In the records below, begin at the line containing "Offer a very short reply. 0." and end at the line containing "Give a very brief answer. 72.4."; quote every line in that span exactly, including both boundary lines, and no others.

START Exercise material

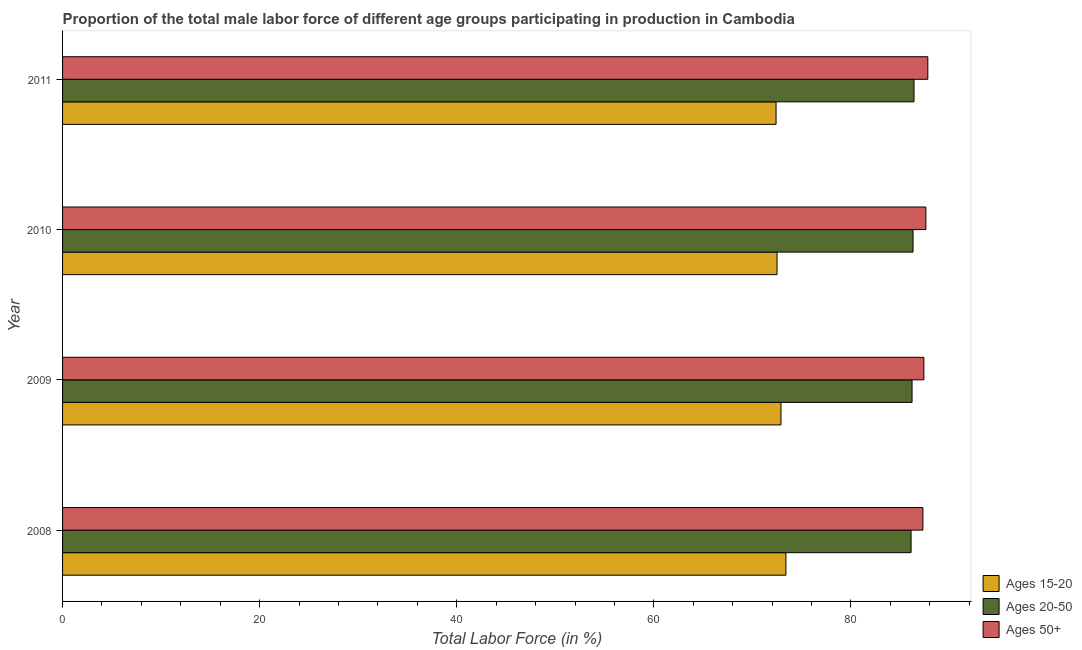How many different coloured bars are there?
Your answer should be very brief. 3. Are the number of bars per tick equal to the number of legend labels?
Offer a terse response. Yes. How many bars are there on the 4th tick from the top?
Provide a short and direct response. 3. How many bars are there on the 1st tick from the bottom?
Offer a very short reply. 3. In how many cases, is the number of bars for a given year not equal to the number of legend labels?
Offer a very short reply. 0. What is the percentage of male labor force above age 50 in 2008?
Provide a short and direct response. 87.3. Across all years, what is the maximum percentage of male labor force within the age group 20-50?
Your response must be concise. 86.4. Across all years, what is the minimum percentage of male labor force within the age group 15-20?
Give a very brief answer. 72.4. In which year was the percentage of male labor force within the age group 20-50 maximum?
Give a very brief answer. 2011. What is the total percentage of male labor force above age 50 in the graph?
Make the answer very short. 350.1. What is the average percentage of male labor force above age 50 per year?
Offer a terse response. 87.53. In how many years, is the percentage of male labor force within the age group 20-50 greater than 36 %?
Your answer should be very brief. 4. What is the ratio of the percentage of male labor force within the age group 20-50 in 2009 to that in 2010?
Give a very brief answer. 1. Is the percentage of male labor force within the age group 15-20 in 2010 less than that in 2011?
Provide a short and direct response. No. What is the difference between the highest and the second highest percentage of male labor force within the age group 20-50?
Your answer should be compact. 0.1. What does the 1st bar from the top in 2008 represents?
Make the answer very short. Ages 50+. What does the 2nd bar from the bottom in 2011 represents?
Give a very brief answer. Ages 20-50. What is the difference between two consecutive major ticks on the X-axis?
Provide a succinct answer. 20. How many legend labels are there?
Make the answer very short. 3. How are the legend labels stacked?
Keep it short and to the point. Vertical. What is the title of the graph?
Provide a short and direct response. Proportion of the total male labor force of different age groups participating in production in Cambodia. What is the label or title of the Y-axis?
Offer a very short reply. Year. What is the Total Labor Force (in %) in Ages 15-20 in 2008?
Make the answer very short. 73.4. What is the Total Labor Force (in %) in Ages 20-50 in 2008?
Your response must be concise. 86.1. What is the Total Labor Force (in %) in Ages 50+ in 2008?
Ensure brevity in your answer.  87.3. What is the Total Labor Force (in %) of Ages 15-20 in 2009?
Your response must be concise. 72.9. What is the Total Labor Force (in %) of Ages 20-50 in 2009?
Offer a very short reply. 86.2. What is the Total Labor Force (in %) of Ages 50+ in 2009?
Provide a short and direct response. 87.4. What is the Total Labor Force (in %) of Ages 15-20 in 2010?
Offer a terse response. 72.5. What is the Total Labor Force (in %) of Ages 20-50 in 2010?
Provide a short and direct response. 86.3. What is the Total Labor Force (in %) of Ages 50+ in 2010?
Your answer should be very brief. 87.6. What is the Total Labor Force (in %) of Ages 15-20 in 2011?
Your answer should be compact. 72.4. What is the Total Labor Force (in %) of Ages 20-50 in 2011?
Ensure brevity in your answer.  86.4. What is the Total Labor Force (in %) of Ages 50+ in 2011?
Offer a very short reply. 87.8. Across all years, what is the maximum Total Labor Force (in %) of Ages 15-20?
Provide a succinct answer. 73.4. Across all years, what is the maximum Total Labor Force (in %) in Ages 20-50?
Ensure brevity in your answer.  86.4. Across all years, what is the maximum Total Labor Force (in %) in Ages 50+?
Your answer should be very brief. 87.8. Across all years, what is the minimum Total Labor Force (in %) of Ages 15-20?
Your answer should be very brief. 72.4. Across all years, what is the minimum Total Labor Force (in %) in Ages 20-50?
Provide a succinct answer. 86.1. Across all years, what is the minimum Total Labor Force (in %) of Ages 50+?
Ensure brevity in your answer.  87.3. What is the total Total Labor Force (in %) in Ages 15-20 in the graph?
Give a very brief answer. 291.2. What is the total Total Labor Force (in %) of Ages 20-50 in the graph?
Provide a succinct answer. 345. What is the total Total Labor Force (in %) of Ages 50+ in the graph?
Offer a very short reply. 350.1. What is the difference between the Total Labor Force (in %) of Ages 20-50 in 2008 and that in 2009?
Your answer should be very brief. -0.1. What is the difference between the Total Labor Force (in %) in Ages 15-20 in 2008 and that in 2010?
Keep it short and to the point. 0.9. What is the difference between the Total Labor Force (in %) in Ages 50+ in 2008 and that in 2010?
Your answer should be very brief. -0.3. What is the difference between the Total Labor Force (in %) in Ages 50+ in 2008 and that in 2011?
Your answer should be very brief. -0.5. What is the difference between the Total Labor Force (in %) of Ages 15-20 in 2009 and that in 2010?
Make the answer very short. 0.4. What is the difference between the Total Labor Force (in %) in Ages 50+ in 2009 and that in 2010?
Your response must be concise. -0.2. What is the difference between the Total Labor Force (in %) of Ages 20-50 in 2009 and that in 2011?
Keep it short and to the point. -0.2. What is the difference between the Total Labor Force (in %) of Ages 50+ in 2009 and that in 2011?
Provide a short and direct response. -0.4. What is the difference between the Total Labor Force (in %) in Ages 15-20 in 2010 and that in 2011?
Keep it short and to the point. 0.1. What is the difference between the Total Labor Force (in %) in Ages 15-20 in 2008 and the Total Labor Force (in %) in Ages 20-50 in 2009?
Give a very brief answer. -12.8. What is the difference between the Total Labor Force (in %) of Ages 15-20 in 2008 and the Total Labor Force (in %) of Ages 50+ in 2009?
Your answer should be compact. -14. What is the difference between the Total Labor Force (in %) in Ages 15-20 in 2008 and the Total Labor Force (in %) in Ages 50+ in 2010?
Offer a very short reply. -14.2. What is the difference between the Total Labor Force (in %) in Ages 15-20 in 2008 and the Total Labor Force (in %) in Ages 50+ in 2011?
Keep it short and to the point. -14.4. What is the difference between the Total Labor Force (in %) in Ages 15-20 in 2009 and the Total Labor Force (in %) in Ages 50+ in 2010?
Ensure brevity in your answer.  -14.7. What is the difference between the Total Labor Force (in %) of Ages 20-50 in 2009 and the Total Labor Force (in %) of Ages 50+ in 2010?
Your answer should be very brief. -1.4. What is the difference between the Total Labor Force (in %) of Ages 15-20 in 2009 and the Total Labor Force (in %) of Ages 50+ in 2011?
Your answer should be compact. -14.9. What is the difference between the Total Labor Force (in %) in Ages 15-20 in 2010 and the Total Labor Force (in %) in Ages 50+ in 2011?
Give a very brief answer. -15.3. What is the difference between the Total Labor Force (in %) of Ages 20-50 in 2010 and the Total Labor Force (in %) of Ages 50+ in 2011?
Provide a succinct answer. -1.5. What is the average Total Labor Force (in %) in Ages 15-20 per year?
Offer a very short reply. 72.8. What is the average Total Labor Force (in %) in Ages 20-50 per year?
Your answer should be very brief. 86.25. What is the average Total Labor Force (in %) in Ages 50+ per year?
Provide a succinct answer. 87.53. In the year 2008, what is the difference between the Total Labor Force (in %) in Ages 15-20 and Total Labor Force (in %) in Ages 20-50?
Your response must be concise. -12.7. In the year 2008, what is the difference between the Total Labor Force (in %) in Ages 20-50 and Total Labor Force (in %) in Ages 50+?
Your answer should be compact. -1.2. In the year 2009, what is the difference between the Total Labor Force (in %) in Ages 15-20 and Total Labor Force (in %) in Ages 50+?
Provide a short and direct response. -14.5. In the year 2010, what is the difference between the Total Labor Force (in %) of Ages 15-20 and Total Labor Force (in %) of Ages 20-50?
Your answer should be compact. -13.8. In the year 2010, what is the difference between the Total Labor Force (in %) in Ages 15-20 and Total Labor Force (in %) in Ages 50+?
Keep it short and to the point. -15.1. In the year 2010, what is the difference between the Total Labor Force (in %) of Ages 20-50 and Total Labor Force (in %) of Ages 50+?
Provide a succinct answer. -1.3. In the year 2011, what is the difference between the Total Labor Force (in %) in Ages 15-20 and Total Labor Force (in %) in Ages 20-50?
Offer a very short reply. -14. In the year 2011, what is the difference between the Total Labor Force (in %) of Ages 15-20 and Total Labor Force (in %) of Ages 50+?
Make the answer very short. -15.4. In the year 2011, what is the difference between the Total Labor Force (in %) in Ages 20-50 and Total Labor Force (in %) in Ages 50+?
Provide a succinct answer. -1.4. What is the ratio of the Total Labor Force (in %) of Ages 15-20 in 2008 to that in 2009?
Your response must be concise. 1.01. What is the ratio of the Total Labor Force (in %) in Ages 50+ in 2008 to that in 2009?
Make the answer very short. 1. What is the ratio of the Total Labor Force (in %) in Ages 15-20 in 2008 to that in 2010?
Offer a very short reply. 1.01. What is the ratio of the Total Labor Force (in %) in Ages 20-50 in 2008 to that in 2010?
Your response must be concise. 1. What is the ratio of the Total Labor Force (in %) of Ages 15-20 in 2008 to that in 2011?
Keep it short and to the point. 1.01. What is the ratio of the Total Labor Force (in %) of Ages 20-50 in 2008 to that in 2011?
Offer a very short reply. 1. What is the ratio of the Total Labor Force (in %) in Ages 15-20 in 2009 to that in 2011?
Your answer should be compact. 1.01. What is the ratio of the Total Labor Force (in %) in Ages 50+ in 2009 to that in 2011?
Your answer should be compact. 1. What is the ratio of the Total Labor Force (in %) in Ages 15-20 in 2010 to that in 2011?
Keep it short and to the point. 1. What is the difference between the highest and the second highest Total Labor Force (in %) in Ages 15-20?
Make the answer very short. 0.5. What is the difference between the highest and the second highest Total Labor Force (in %) of Ages 20-50?
Keep it short and to the point. 0.1. What is the difference between the highest and the lowest Total Labor Force (in %) in Ages 15-20?
Provide a short and direct response. 1. What is the difference between the highest and the lowest Total Labor Force (in %) of Ages 20-50?
Offer a terse response. 0.3.

END Exercise material

Answer area.
Offer a very short reply. 0. What is the percentage of male labor force above age 50 in 2008?
Provide a short and direct response. 87.3. Across all years, what is the maximum percentage of male labor force within the age group 20-50?
Your response must be concise. 86.4. Across all years, what is the minimum percentage of male labor force within the age group 15-20?
Give a very brief answer. 72.4. In which year was the percentage of male labor force within the age group 20-50 maximum?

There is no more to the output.